Sarah Beth demonstrates how to do each of the stretching moves while giving instructions on how to modify them if needed.

Here's what I found after doing this 10-minute yoga stretching routine.

There’s a lot of stretch found in stillness

Generally speaking, I tend to lean towards dynamic stretches, like cat-cow and half-kneeling rocks, which are essentially active movements where joints and muscles go through a full range of motion.

According to a 2024 paper, published in the Arthroscopy, Sports Medicine, and Rehabilitation journal, completing dynamic exercises plays a “pivotal role” in injury prevention by preparing the body both physically and mentally for physical activity.

But over the past couple of months, I’ve found myself completing more and more static stretches, which see me hold a child’s pose for two to three minutes or complete a cobra pose and forward fold for multiple seconds at a time. And Sarah Beth’s 10-minute yoga stretch was a great mix of the two.
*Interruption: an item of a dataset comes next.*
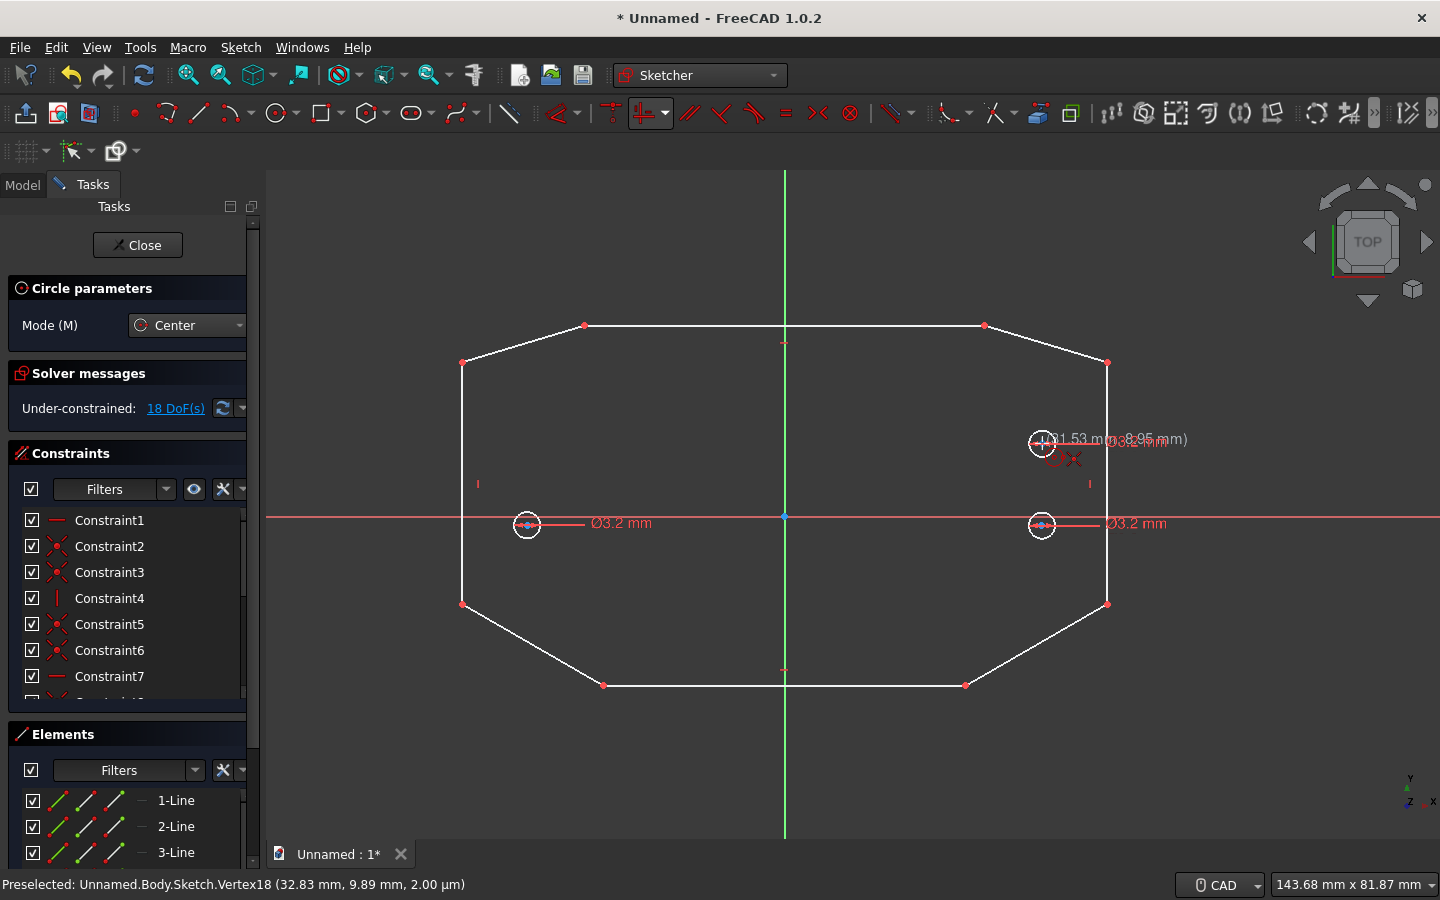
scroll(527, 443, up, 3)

But while this stretching routine involved a mix of dynamic and static stretches, my back and shoulders found a lot of relief from holding the puppy dog pose for 30 seconds, a thread the needle position for 25 seconds, and a chest opener position for half a minute. I found that there was a lot of stretch to be found in this static stillness.

One side was tighter than the other

Most people naturally have a more dominant side. Whether you’re right or left-handed or you’re stronger on one side—myofascial imbalance isn’t unheard of.

However, this stretching routine highlights in real time what too much time in unbalanced postures and slumped positions can do to your muscles, causing them to be tighter or shorter on one side.

When completing the chest openers, I found that I was tighter on my left-hand side than I was on my right. This meant I could sink into a deeper stretch on my right, compared to my left. Doing so on the latter felt a little bit stickier and while this is completely normal, amongst other things, it just means I need to stretch this area a little more to ensure no other muscles are picking up the slack.

10 minutes might not be long, but it made a difference

The great thing about stretching is that whether you have time for a little or a lot if done with the right form, you’re bound to feel a difference from doing so—my neck, back and shoulders certainly did!

I realize that sporadic 10-minute bouts of stretching won’t be enough to undo the tightness and tension felt from too much time spent sitting in one position forever.

However, according to a 2024 article, that looked into the effects of stretching exercises on muscle tension, if regularly completed, stretching exercises constitute one of the “preventive measures” that can be implemented to overcome tension muscle strength and increase soft tissue elongation.

In the same article, researchers noted that stretching can increase the range of motion, reduce soft tissue injuries, and address muscle imbalances leading to low back pain. Which is not bad for taking mere minutes out of your day, right?